Now of course Excel could use more smarts here, and remember somewhere that all the values were entered explicitly in decimal with two fractional digits, and perform the sum in integer cents/pence. But this sort of mixed-mode arithmetic is a more advanced feature which perhaps it doesn't have. (Perhaps, even, there's a mixed-mode type that isn't Currency?)

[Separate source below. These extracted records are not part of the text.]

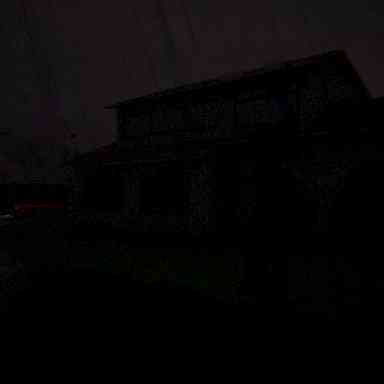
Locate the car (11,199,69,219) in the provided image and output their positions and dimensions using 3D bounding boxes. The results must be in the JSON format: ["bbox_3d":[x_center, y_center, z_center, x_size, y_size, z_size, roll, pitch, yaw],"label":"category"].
[{"bbox_3d":[-13.147,1.352,29.165,2.097,1.767,4.553,0,0,35],"label":"car"}]

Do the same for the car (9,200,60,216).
[{"bbox_3d":[-15.554,1.564,33.025,1.994,1.385,4.181,0,0,35],"label":"car"}]
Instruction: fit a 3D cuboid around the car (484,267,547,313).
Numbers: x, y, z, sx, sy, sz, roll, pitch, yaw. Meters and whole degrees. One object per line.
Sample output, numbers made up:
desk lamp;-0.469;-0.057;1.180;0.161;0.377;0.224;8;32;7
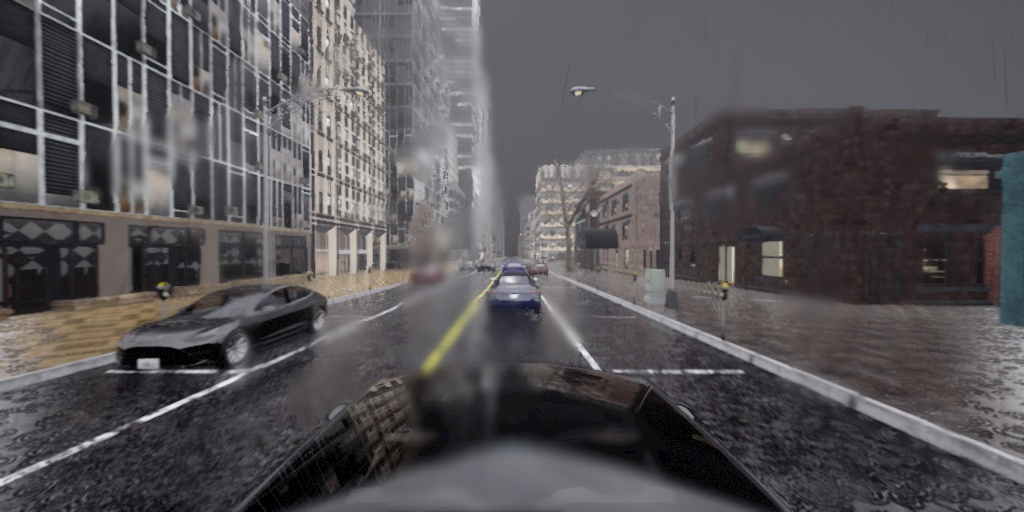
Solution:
car;0.090;1.312;13.968;1.994;1.385;4.181;0;0;0

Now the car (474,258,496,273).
car;-3.075;1.094;44.321;2.097;1.767;4.553;0;0;0

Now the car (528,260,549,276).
car;2.731;1.326;35.956;1.802;1.307;4.207;0;0;0

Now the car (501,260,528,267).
car;0.096;1.223;30.334;1.882;1.535;5.008;0;0;0

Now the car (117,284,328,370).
car;-5.690;1.315;7.796;1.948;1.339;4.313;0;0;0

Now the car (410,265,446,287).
car;-5.686;1.291;24.728;1.888;1.381;4.507;0;0;0

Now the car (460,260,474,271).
car;-5.784;1.294;47.303;2.007;1.370;4.403;0;0;0
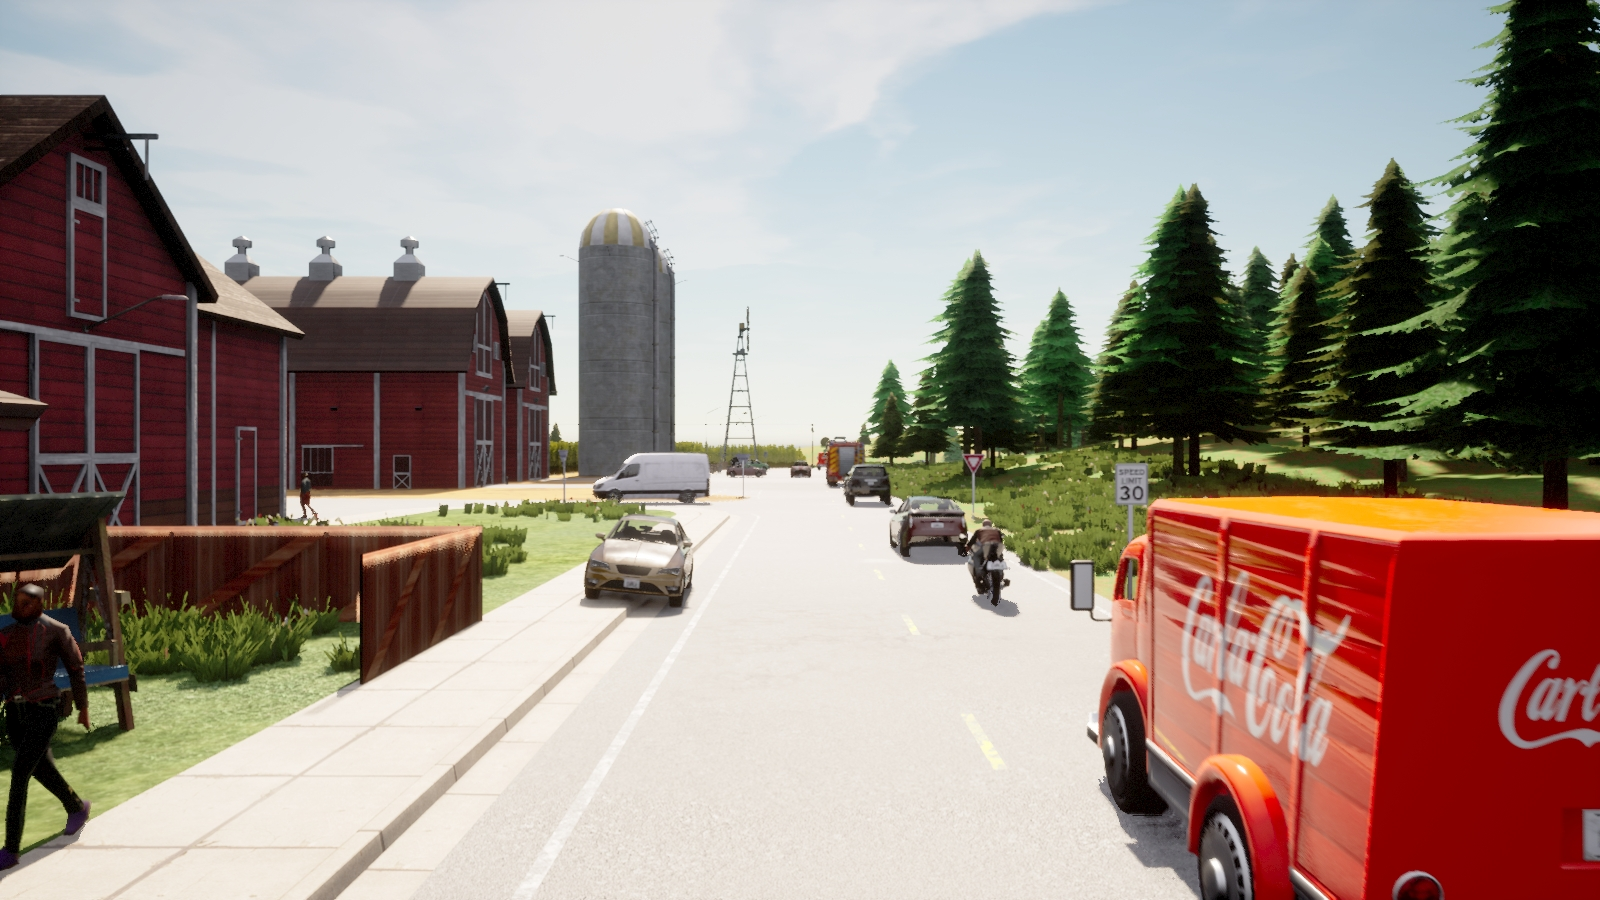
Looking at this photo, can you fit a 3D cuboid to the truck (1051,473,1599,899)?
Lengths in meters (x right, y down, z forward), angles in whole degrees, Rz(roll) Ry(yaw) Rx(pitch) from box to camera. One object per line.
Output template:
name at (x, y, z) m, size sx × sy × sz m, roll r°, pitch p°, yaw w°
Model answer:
truck at (3.528, 1.420, 7.397) m, size 2.627 × 2.467 × 5.204 m, roll 0°, pitch 0°, yaw 0°

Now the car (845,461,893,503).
car at (3.560, 1.627, 59.941) m, size 2.150 × 2.045 × 5.566 m, roll 0°, pitch 0°, yaw 0°

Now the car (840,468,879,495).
car at (3.603, 1.893, 69.915) m, size 2.128 × 1.511 × 4.902 m, roll 0°, pitch 0°, yaw 0°

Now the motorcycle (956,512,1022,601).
motorcycle at (3.523, 1.956, 21.489) m, size 0.867 × 1.460 × 2.209 m, roll 0°, pitch 0°, yaw 0°

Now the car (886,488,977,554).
car at (3.534, 1.893, 31.485) m, size 2.007 × 1.525 × 4.514 m, roll 0°, pitch 0°, yaw 0°

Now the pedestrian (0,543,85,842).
pedestrian at (-4.966, 1.553, 7.439) m, size 0.375 × 1.860 × 0.375 m, roll 0°, pitch 0°, yaw 3°

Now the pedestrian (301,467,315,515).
pedestrian at (-19.224, 1.608, 44.622) m, size 0.375 × 1.860 × 0.375 m, roll 0°, pitch 0°, yaw 5°

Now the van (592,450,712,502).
van at (-7.556, 1.305, 58.270) m, size 5.915 × 2.561 × 1.988 m, roll 0°, pitch 1°, yaw -11°
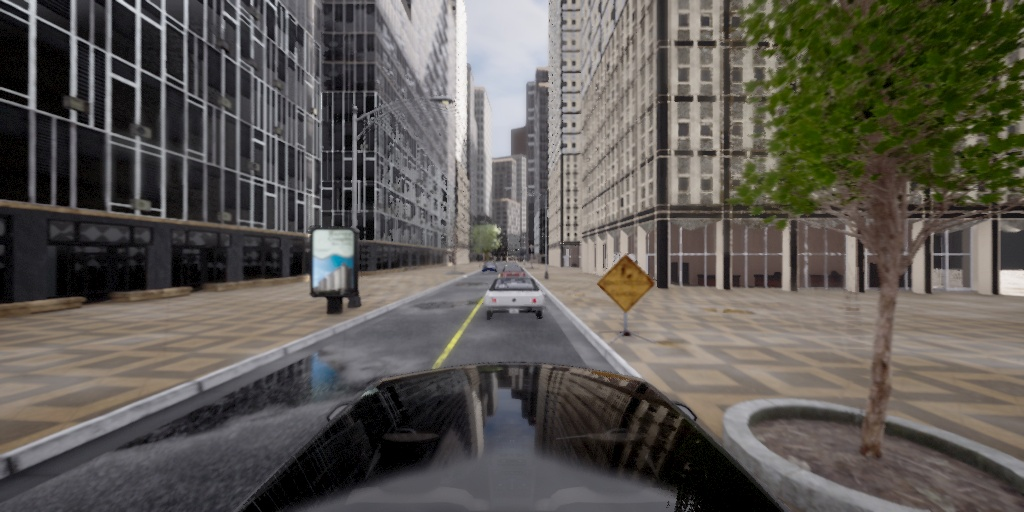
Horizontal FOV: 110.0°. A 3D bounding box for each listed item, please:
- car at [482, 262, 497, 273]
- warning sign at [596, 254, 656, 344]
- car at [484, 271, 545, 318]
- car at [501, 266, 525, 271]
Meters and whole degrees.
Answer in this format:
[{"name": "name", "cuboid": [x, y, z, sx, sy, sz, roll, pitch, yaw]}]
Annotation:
[{"name": "car", "cuboid": [-2.846, 1.454, 46.452, 2.033, 1.411, 5.357, 0, 0, 0]}, {"name": "warning sign", "cuboid": [2.516, 0.886, 7.953, 1.300, 1.860, 1.060, 0, 0, 0]}, {"name": "car", "cuboid": [0.079, 1.389, 13.087, 1.895, 1.301, 4.718, 0, 0, 0]}, {"name": "car", "cuboid": [0.077, 1.440, 28.278, 1.895, 1.301, 4.718, 0, 0, 0]}]
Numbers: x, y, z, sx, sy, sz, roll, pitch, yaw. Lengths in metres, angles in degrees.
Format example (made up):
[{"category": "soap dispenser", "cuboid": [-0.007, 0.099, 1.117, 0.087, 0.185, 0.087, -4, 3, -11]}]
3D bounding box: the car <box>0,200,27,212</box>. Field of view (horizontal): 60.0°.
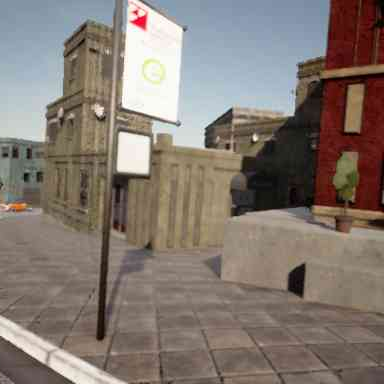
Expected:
[{"category": "car", "cuboid": [-25.802, 1.924, 47.761, 2.097, 1.767, 4.553, 4, -2, 8]}]
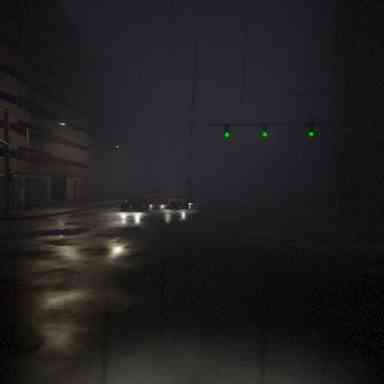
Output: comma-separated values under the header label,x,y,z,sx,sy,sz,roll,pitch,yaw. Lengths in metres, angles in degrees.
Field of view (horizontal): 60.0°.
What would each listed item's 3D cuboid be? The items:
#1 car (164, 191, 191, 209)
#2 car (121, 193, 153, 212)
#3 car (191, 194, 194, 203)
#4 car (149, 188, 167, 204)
label,x,y,z,sx,sy,sz,roll,pitch,yaw
car,-1.469,0.914,35.614,1.882,1.535,5.008,0,1,3
car,-5.238,1.070,31.120,1.994,1.385,4.181,0,1,3
car,-0.760,0.793,47.787,2.033,1.411,5.357,0,1,4
car,-4.460,0.508,44.849,2.150,2.045,5.566,0,1,4
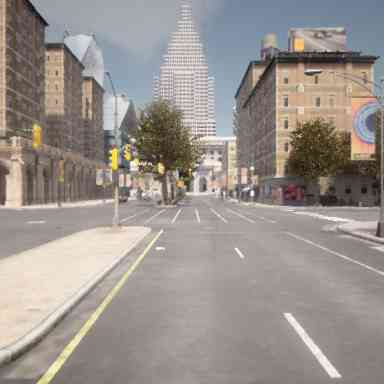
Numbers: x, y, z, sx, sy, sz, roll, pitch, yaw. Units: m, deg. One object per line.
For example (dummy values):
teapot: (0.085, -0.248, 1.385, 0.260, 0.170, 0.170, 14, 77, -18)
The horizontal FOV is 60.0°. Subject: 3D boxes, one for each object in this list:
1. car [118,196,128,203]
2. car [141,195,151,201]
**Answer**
car: (-14.749, 1.593, 69.442, 1.895, 1.301, 4.718, 0, 0, 0)
car: (-11.500, 1.487, 83.813, 2.033, 1.411, 5.357, 0, 0, 0)
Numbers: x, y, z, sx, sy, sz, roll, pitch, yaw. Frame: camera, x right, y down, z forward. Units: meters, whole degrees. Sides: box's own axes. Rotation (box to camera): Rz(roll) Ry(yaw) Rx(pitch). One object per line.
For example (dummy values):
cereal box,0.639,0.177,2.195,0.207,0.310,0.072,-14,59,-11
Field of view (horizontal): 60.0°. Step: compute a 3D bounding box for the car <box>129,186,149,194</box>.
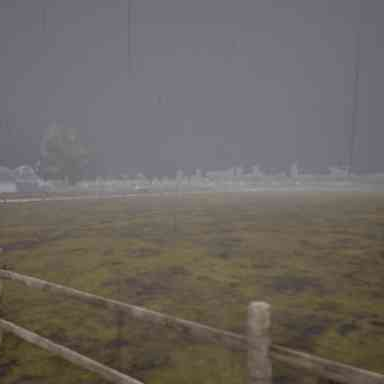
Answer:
car,-10.753,-0.456,67.535,1.812,1.442,4.674,0,1,35
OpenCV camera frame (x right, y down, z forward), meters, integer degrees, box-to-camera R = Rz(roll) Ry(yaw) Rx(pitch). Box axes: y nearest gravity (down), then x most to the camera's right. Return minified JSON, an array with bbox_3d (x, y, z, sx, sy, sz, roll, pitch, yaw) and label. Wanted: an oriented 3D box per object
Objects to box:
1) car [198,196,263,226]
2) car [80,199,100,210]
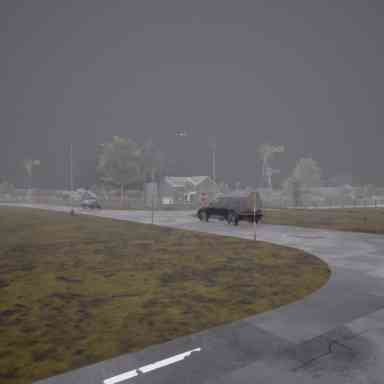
[{"bbox_3d":[2.715,1.307,24.715,2.150,2.045,5.566,-1,0,-35],"label":"car"},{"bbox_3d":[-15.295,1.875,49.923,1.837,1.490,4.892,-1,0,-35],"label":"car"}]
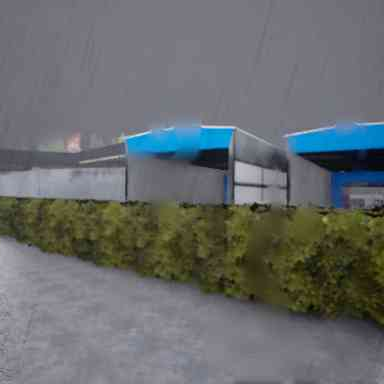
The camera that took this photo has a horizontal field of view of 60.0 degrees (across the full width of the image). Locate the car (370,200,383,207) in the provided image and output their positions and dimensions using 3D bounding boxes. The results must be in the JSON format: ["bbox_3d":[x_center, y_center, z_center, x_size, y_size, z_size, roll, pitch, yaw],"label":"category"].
[{"bbox_3d":[29.523,2.416,52.410,3.633,1.501,1.845,1,-1,-42],"label":"car"}]

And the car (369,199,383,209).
[{"bbox_3d":[38.620,2.520,69.402,3.866,1.878,1.905,1,-1,-42],"label":"car"}]
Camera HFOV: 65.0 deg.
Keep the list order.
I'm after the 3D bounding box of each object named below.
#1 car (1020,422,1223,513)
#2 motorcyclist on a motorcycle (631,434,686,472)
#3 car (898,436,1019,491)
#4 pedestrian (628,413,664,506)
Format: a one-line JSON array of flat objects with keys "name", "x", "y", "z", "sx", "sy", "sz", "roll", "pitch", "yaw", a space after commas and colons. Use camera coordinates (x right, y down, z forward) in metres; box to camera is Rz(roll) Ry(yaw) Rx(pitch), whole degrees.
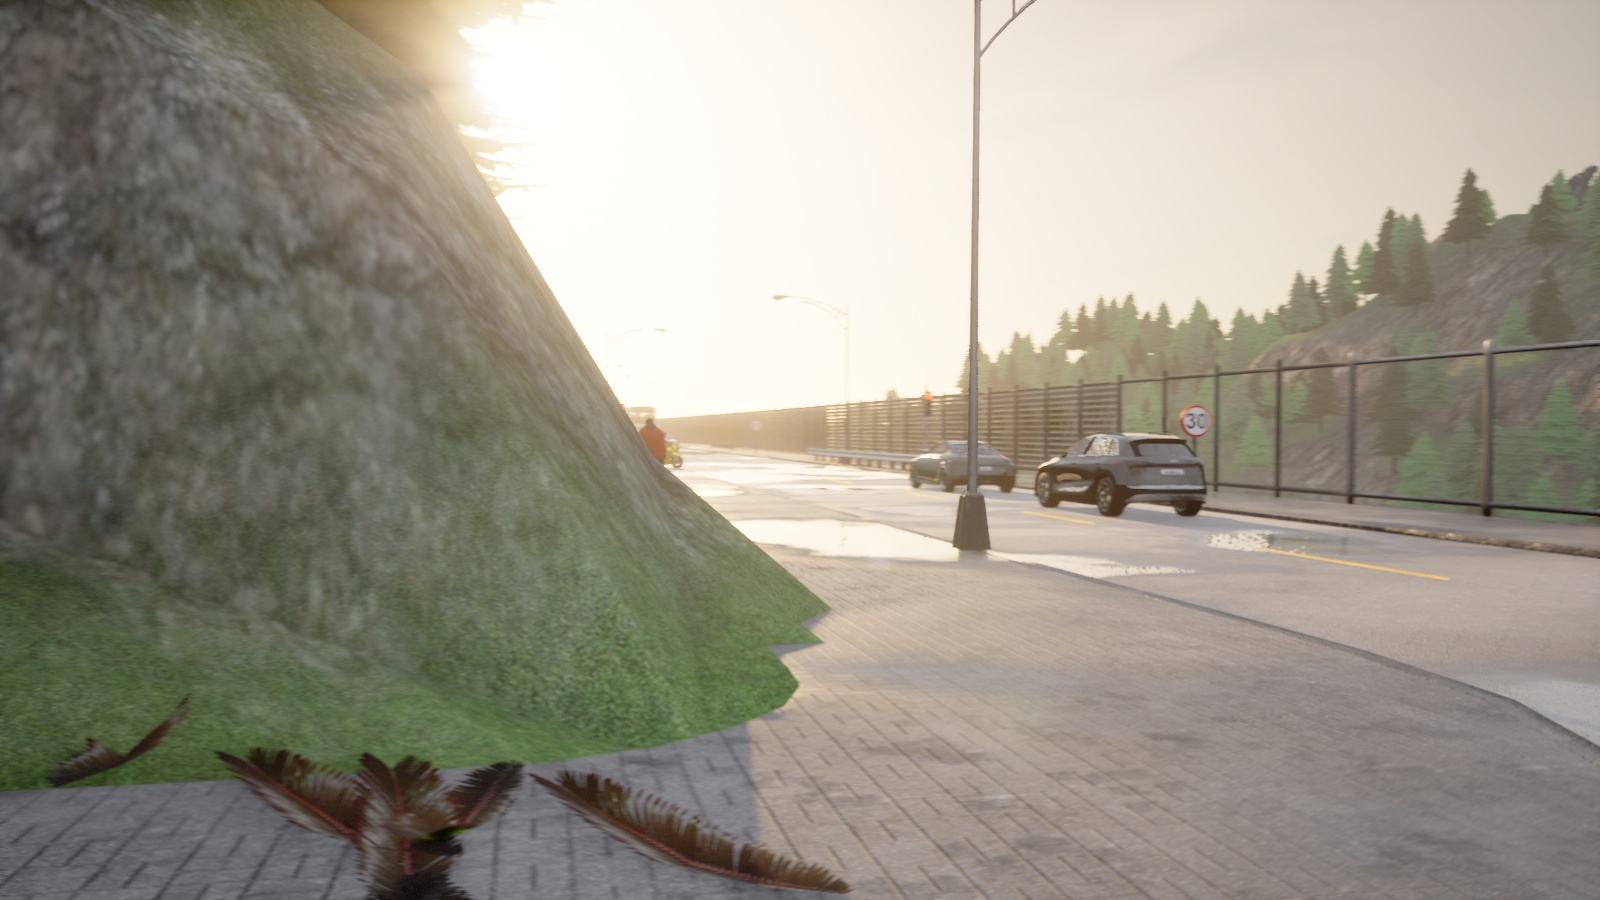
[{"name": "car", "x": 6.363, "y": 0.293, "z": 25.537, "sx": 2.033, "sy": 1.649, "sz": 4.856, "roll": -1, "pitch": 1, "yaw": -12}, {"name": "motorcyclist on a motorcycle", "x": -5.797, "y": 0.125, "z": 51.358, "sx": 2.044, "sy": 1.523, "sz": 0.797, "roll": 0, "pitch": 4, "yaw": 21}, {"name": "car", "x": 4.301, "y": 0.321, "z": 34.755, "sx": 1.994, "sy": 1.385, "sz": 4.181, "roll": -1, "pitch": 1, "yaw": -12}, {"name": "pedestrian", "x": -3.135, "y": 0.186, "z": 25.529, "sx": 0.634, "sy": 1.844, "sz": 0.899, "roll": -1, "pitch": 1, "yaw": -12}]
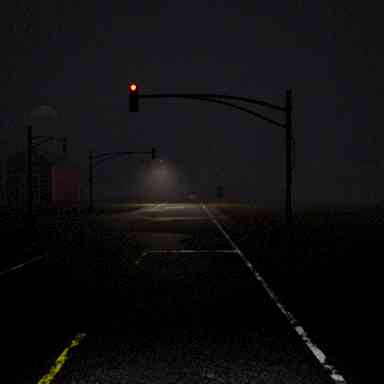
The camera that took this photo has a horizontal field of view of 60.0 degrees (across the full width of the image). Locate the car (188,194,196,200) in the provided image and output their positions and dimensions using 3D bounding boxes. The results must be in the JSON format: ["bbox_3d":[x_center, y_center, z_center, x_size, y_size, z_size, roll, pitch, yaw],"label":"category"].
[{"bbox_3d":[0.067,1.242,86.583,2.097,1.767,4.553,0,0,0],"label":"car"}]
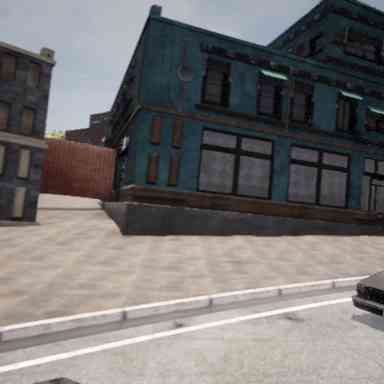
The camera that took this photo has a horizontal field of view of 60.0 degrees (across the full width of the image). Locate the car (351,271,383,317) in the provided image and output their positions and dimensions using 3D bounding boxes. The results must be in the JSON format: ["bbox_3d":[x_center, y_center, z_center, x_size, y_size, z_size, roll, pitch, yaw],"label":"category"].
[{"bbox_3d":[5.924,1.912,7.074,5.357,1.411,2.033,2,-2,-26],"label":"car"}]

Or you could do the same thing "manually" by storing integer numbers of cents and using a custom format to display them looking like currency.

Peter
Posted by: tanstaafl.

Re: An interesting (to me, at least) Excel puzzlement - 27/12/2012 11:18

Originally Posted By: peter
Similarly, 1/100, or even 1/10, is very neat in decimal but infinitely repeating in binary.
In binary!

Peter, thank you for the first answer I have had to this puzzlement that makes sense. Of course with 20/20 hindsight... but that's the trick, isn't it? To see beyond the obvious to the answer that subsequently becomes the obvious.

My son had given me a clue that I failed to assimilate when he told me that banks and financial institutions always stored their currency data as pennies, not dollars.cents but I didn't pursue the logic of that beyond the idea that it was how they avoided the problem, but not why the problem was thus avoided.

Thank you again.

tanstaafl.
Posted by: Roger

Re: An interesting (to me, at least) Excel puzzlement - 11/02/2013 11:22

Originally Posted By: peter
Spreadsheets store currency as floating-point numbers (otherwise fractions of a cent/penny couldn't be represented)


Re: floating point -- http://floating-point-gui.de/
Posted by: mlord

Re: An interesting (to me, at least) Excel puzzlement - 11/02/2013 13:20

While constructing my home thermostat, I discovered that some moron used floating point in the Arduino library for the temperature sensor, because the sensor returns tenths of a degree.

Duh.. 30% of the flash memory space needlessly consumed just because they didn't think of simply returning the temperature in tenths of a degree (eg. 182 instead of 18.2), the way the hardware itself reports it ???

Blah. I fixed it in my copy of course, freeing up 10KBytes of precious flash memory, as well as reducing the sampling time by a couple orders of magnitude.